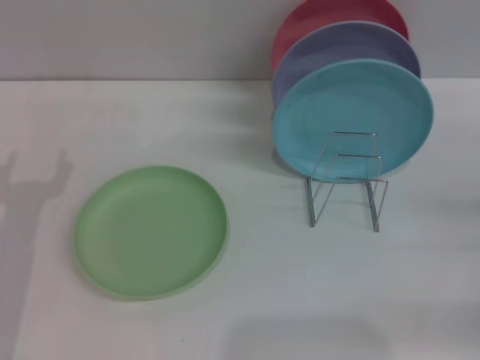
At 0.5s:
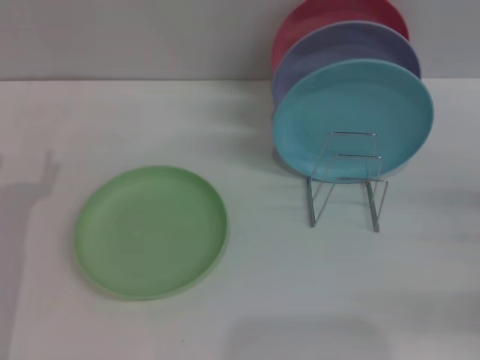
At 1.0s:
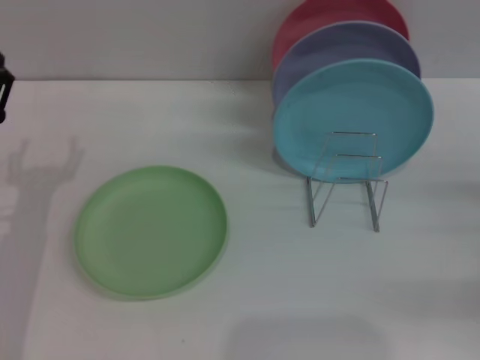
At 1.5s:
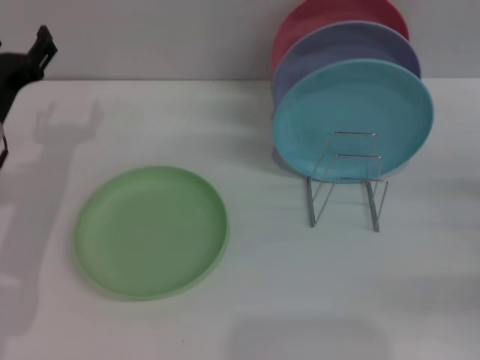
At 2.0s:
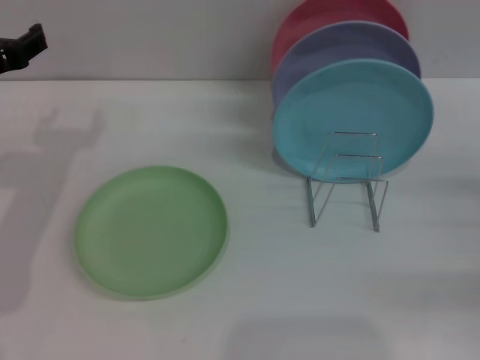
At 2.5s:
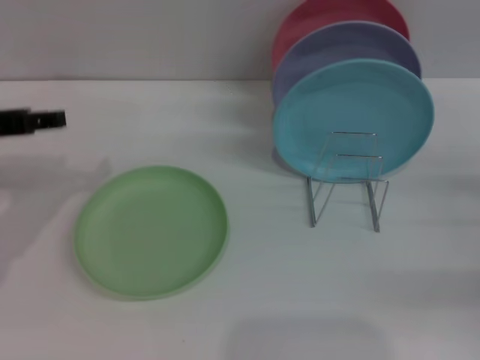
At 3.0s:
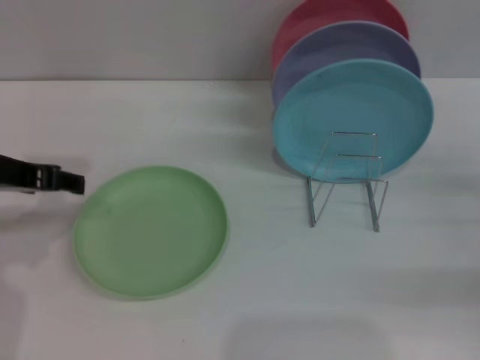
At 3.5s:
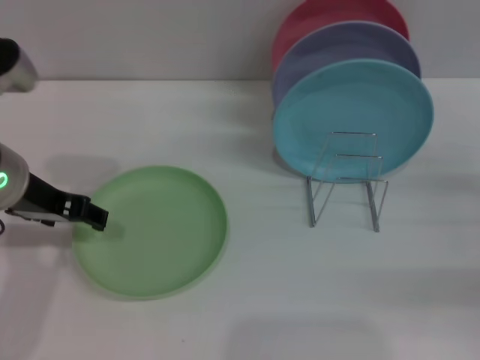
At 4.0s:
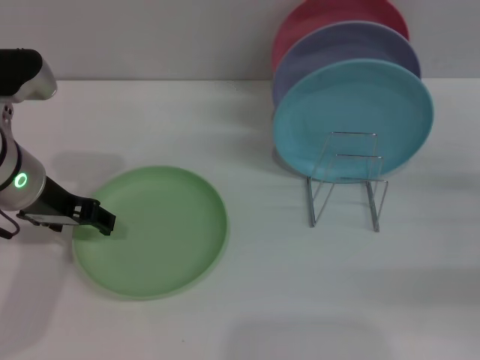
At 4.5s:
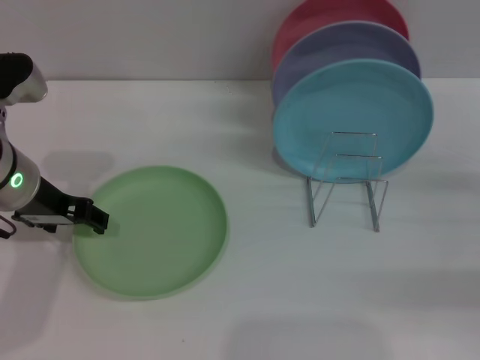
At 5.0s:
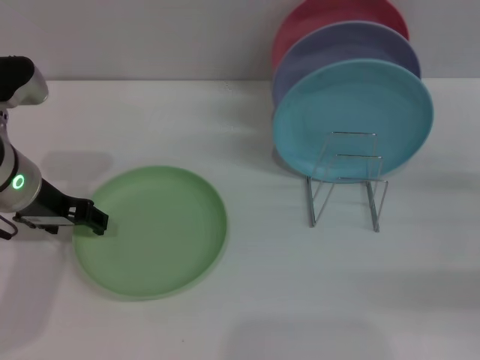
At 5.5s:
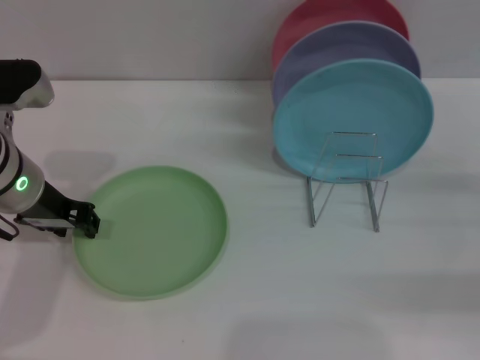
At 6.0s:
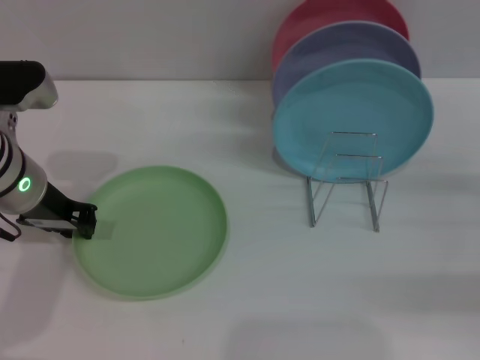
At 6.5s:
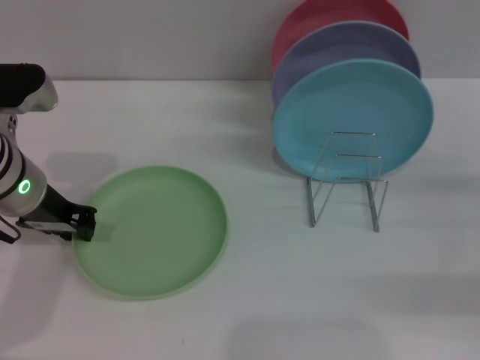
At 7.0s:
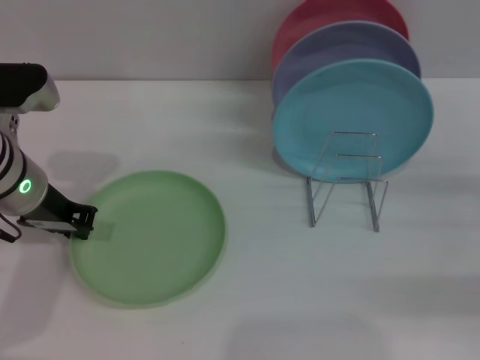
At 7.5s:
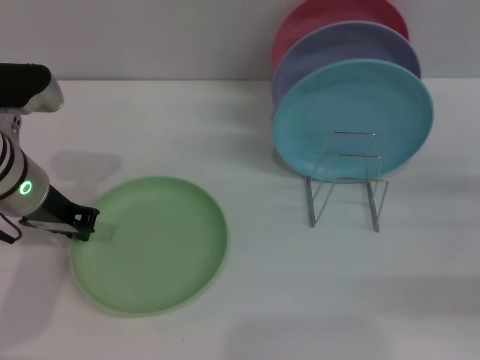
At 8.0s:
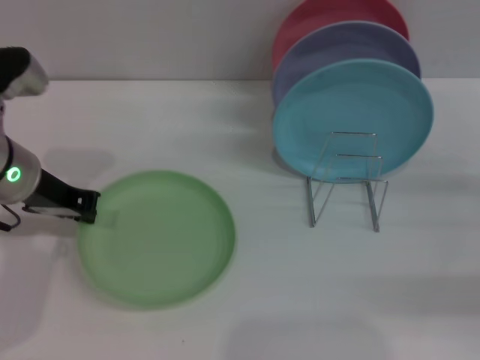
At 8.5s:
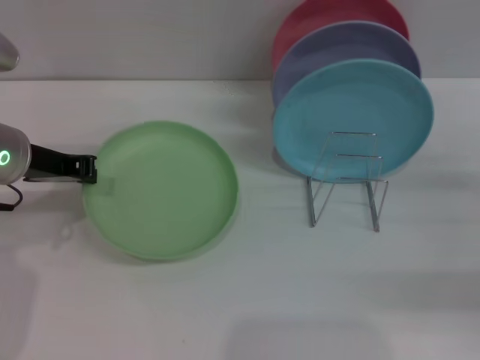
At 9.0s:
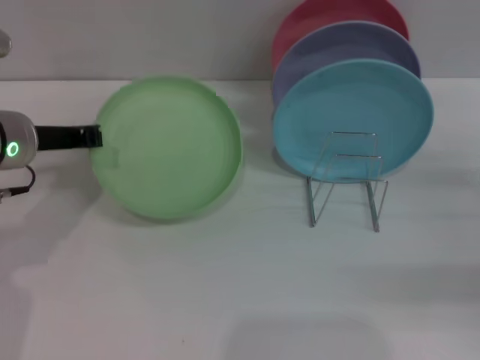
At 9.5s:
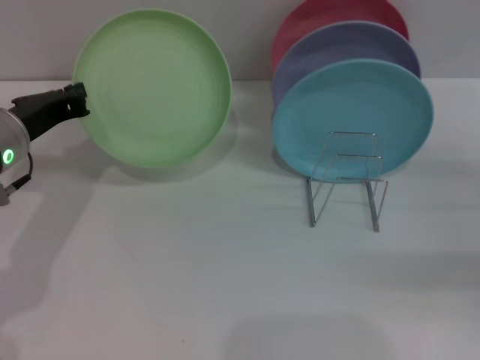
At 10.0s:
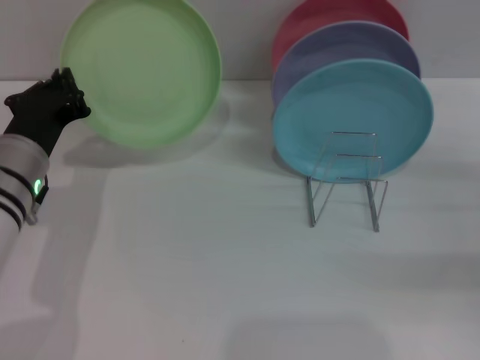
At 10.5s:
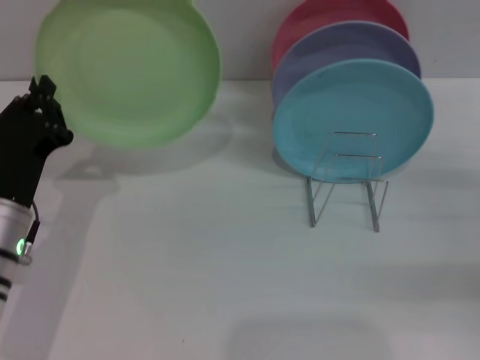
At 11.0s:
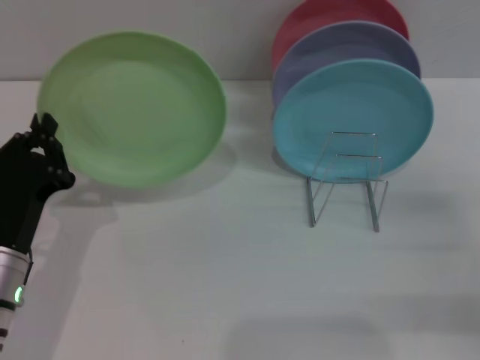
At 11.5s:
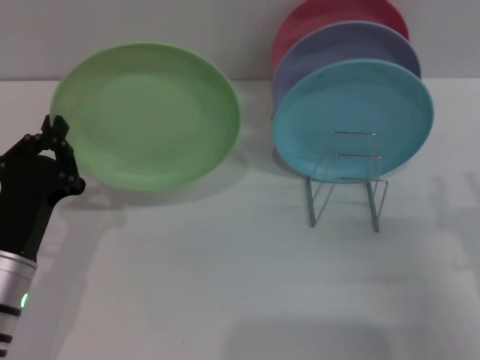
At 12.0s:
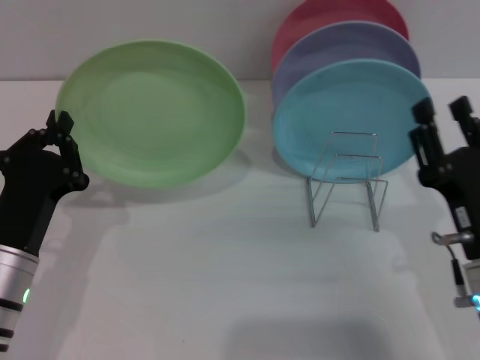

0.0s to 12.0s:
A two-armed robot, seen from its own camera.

☆ ☆ ☆ ☆

*YOUR TASK:* Transcribe every line of the data exactly. No pictures go in the copy.

*TASK ANSWER:*
At 0.5s:
At 1.0s:
At 1.5s:
At 2.0s:
At 2.5s:
At 3.0s:
At 3.5s:
At 4.0s:
At 4.5s:
At 5.0s:
At 5.5s:
At 6.0s:
At 6.5s:
At 7.0s:
At 7.5s:
At 8.0s:
At 8.5s:
At 9.0s:
At 9.5s:
At 10.0s:
At 10.5s:
At 11.0s:
At 11.5s:
At 12.0s:

0.0s to 12.0s:
A two-armed robot, seen from its own camera.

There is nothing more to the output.